# Electric energy density in the dielectric of a coaxial cable

In summary, the problem involves finding the electric energy density in a co-axial cable with inner and outer conductors of different radii and a dielectric with a relative permittivity. It can be solved by first finding the charge per unit length on the cylindrical capacitor formed by the cable, and then using the capacitance and applied voltage to calculate the energy density.
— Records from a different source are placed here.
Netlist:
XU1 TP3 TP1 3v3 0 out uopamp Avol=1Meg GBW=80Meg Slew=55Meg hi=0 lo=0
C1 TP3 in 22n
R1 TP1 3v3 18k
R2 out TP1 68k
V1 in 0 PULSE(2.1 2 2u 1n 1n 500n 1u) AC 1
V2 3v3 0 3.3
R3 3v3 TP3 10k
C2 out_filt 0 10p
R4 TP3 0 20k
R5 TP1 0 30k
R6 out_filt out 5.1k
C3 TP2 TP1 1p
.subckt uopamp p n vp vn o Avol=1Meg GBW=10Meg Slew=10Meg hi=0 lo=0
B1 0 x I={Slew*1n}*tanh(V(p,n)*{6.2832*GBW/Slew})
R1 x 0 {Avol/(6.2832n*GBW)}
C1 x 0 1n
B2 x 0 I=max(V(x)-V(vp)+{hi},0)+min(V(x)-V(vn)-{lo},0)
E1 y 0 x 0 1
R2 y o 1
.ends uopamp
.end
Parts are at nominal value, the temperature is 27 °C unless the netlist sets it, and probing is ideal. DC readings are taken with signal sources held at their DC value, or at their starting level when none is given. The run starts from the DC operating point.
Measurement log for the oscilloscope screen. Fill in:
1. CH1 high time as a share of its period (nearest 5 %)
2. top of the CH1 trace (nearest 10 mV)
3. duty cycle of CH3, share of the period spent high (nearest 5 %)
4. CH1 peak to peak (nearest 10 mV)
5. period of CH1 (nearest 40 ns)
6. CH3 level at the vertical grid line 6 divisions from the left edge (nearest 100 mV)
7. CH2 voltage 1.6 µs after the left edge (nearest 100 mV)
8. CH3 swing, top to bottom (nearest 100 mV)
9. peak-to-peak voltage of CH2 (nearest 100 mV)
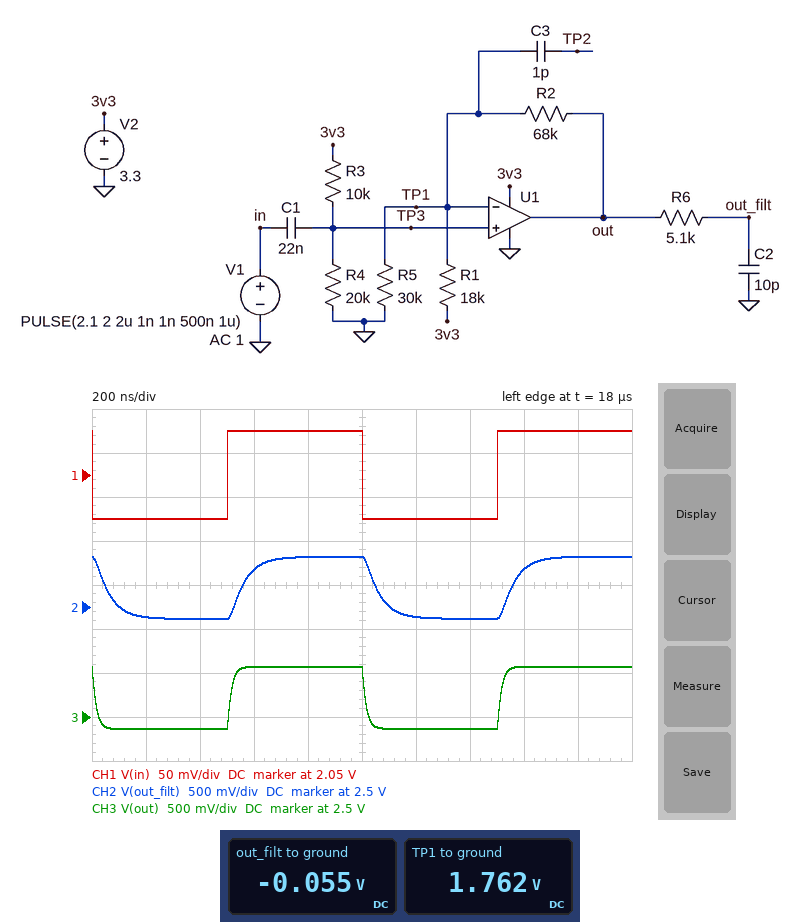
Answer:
50 %
2.10 V
50 %
100 mV
1.00 µs
2.4 V
2.9 V
700 mV
700 mV
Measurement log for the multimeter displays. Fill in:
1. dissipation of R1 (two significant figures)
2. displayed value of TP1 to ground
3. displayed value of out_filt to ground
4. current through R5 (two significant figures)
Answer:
130 µW
1.762 V
-0.055 V
59 µA
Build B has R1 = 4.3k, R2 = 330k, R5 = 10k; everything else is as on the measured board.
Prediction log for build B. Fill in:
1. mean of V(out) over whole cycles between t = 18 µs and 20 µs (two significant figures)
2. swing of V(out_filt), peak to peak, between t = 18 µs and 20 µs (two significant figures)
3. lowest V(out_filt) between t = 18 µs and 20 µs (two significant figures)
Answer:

Alternatively, one can directly calculate the total capacitance per unit length and use this to find the energy density.
Homework Statement
A co-axial cable has an inner conductor of radius r_i = 0.00045 m and a thin outer conductor or radius r_o = 0.0018 m. The dielectric between the conductors has a relative permittivity εr = 2.25. The dielectric's radius is 0.00148 m.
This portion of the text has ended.